The team previously developed a genetically engineered version of MBL in which the binding portion is fused to an antibody Fc fragment (FcMBL) to stabilize the molecule. Past studies showed that when tiny magnetic beads are coated with FcMBL and added to various pathogens, the FcMBL-coated beads attach to the surfaces of these cells like flies on flypaper so that, when a magnetic field is applied, the beads drag their bound cells along with them toward the magnet.
To evaluate whether this system could specifically target CTCs, the researchers implanted fluorescently-labeled human breast cancer cells in mice, let the tumors develop for 28 days, and then tested the blood to determine the number of CTCs present. They then mixed the blood with FcMBL-coated beads and pulled the beads out of suspension with a magnet. "The FcMBL-coated beads are unlikely to be bound to normal cells, and so when we measured the movement of cancer cells versus normal cells, the cancer cells moved much faster because they were being dragged to the magnet by the beads," explains first author Joo Kang, Ph.D., who was a Technology Development Fellow at the Wyss Institute while completing this study and is now an Assistant Professor at the Ulsan National Institute of Science and Technology. The concentration of CTCs present in the blood was also reduced by more than 93%, showing that FcMBL can effectively capture CTCs in the blood even after they have undergone the transitions that reduce EpCAM expression.

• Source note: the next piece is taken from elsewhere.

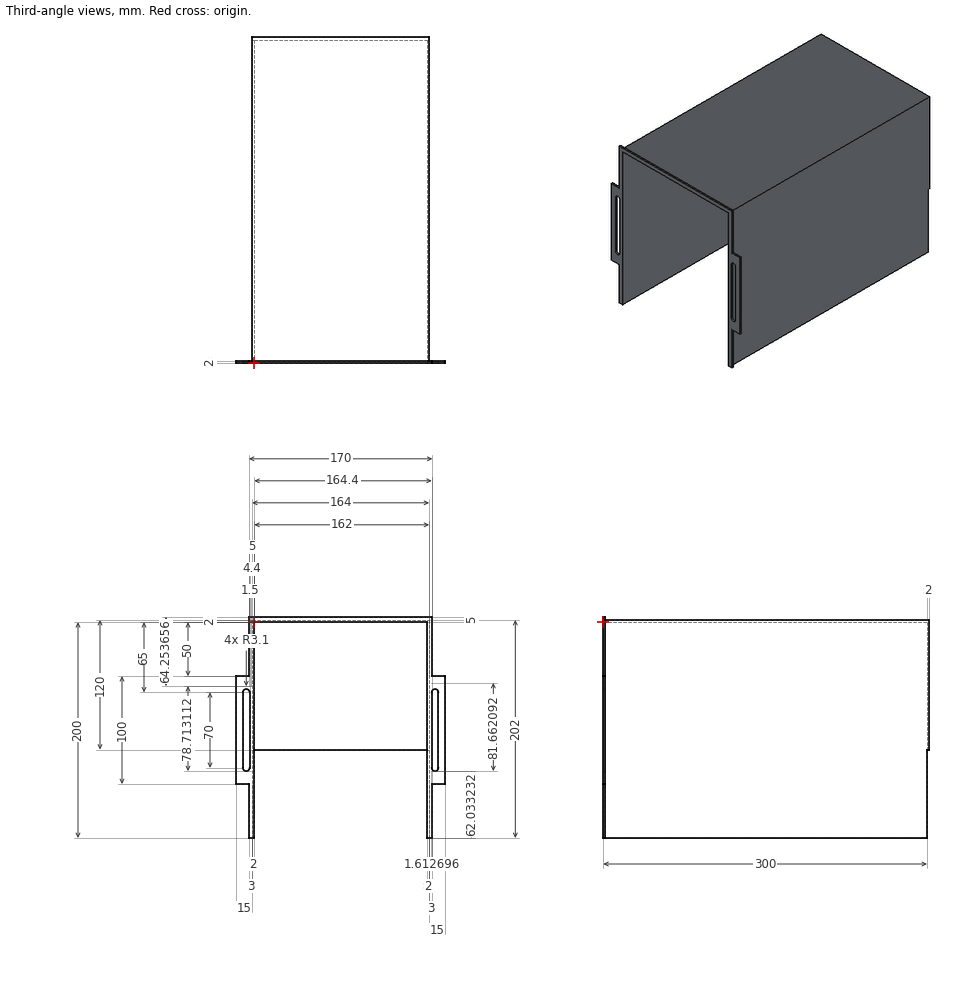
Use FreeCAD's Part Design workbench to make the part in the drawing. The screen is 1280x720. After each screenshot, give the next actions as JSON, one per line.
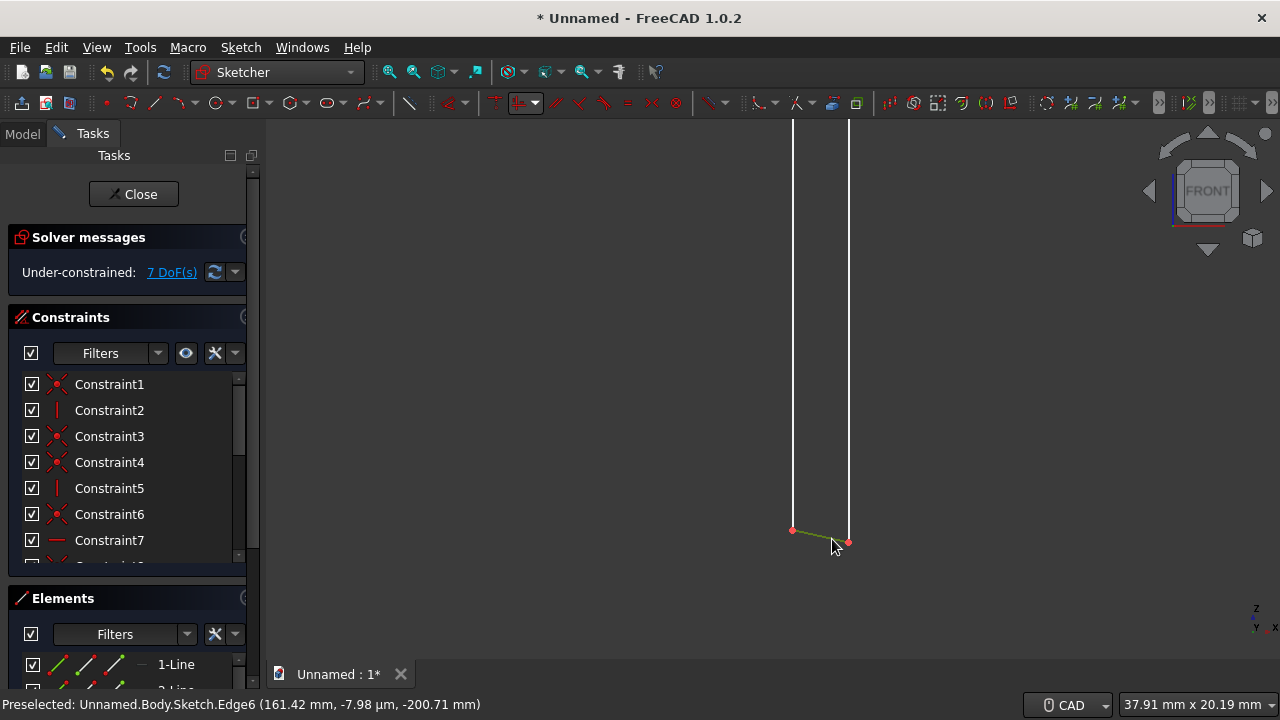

The team then tested their system against six additional cancer cell types, including human non-small cell lung cancer, lung carcinoma, and glioblastoma. The FcMBL-coated beads captured all six types of tumor cells with >90% efficiency -- which is comparable to EpCAM-targeting methods -- and were also able to capture two types that are not successfully bound by anti-EpCAM antibodies (lung carcinoma and glioblastoma). "Our results suggest that while the EpCAM marker can be useful for some tumors, it becomes less and less useful over time as EpCAM expression decreases and the cell becomes metastatic," says Super. "Our FcMBL system can either be used as an alternative to EpCAM-based diagnostics, or as a follow-up method once EpCAM ceases to be expressed."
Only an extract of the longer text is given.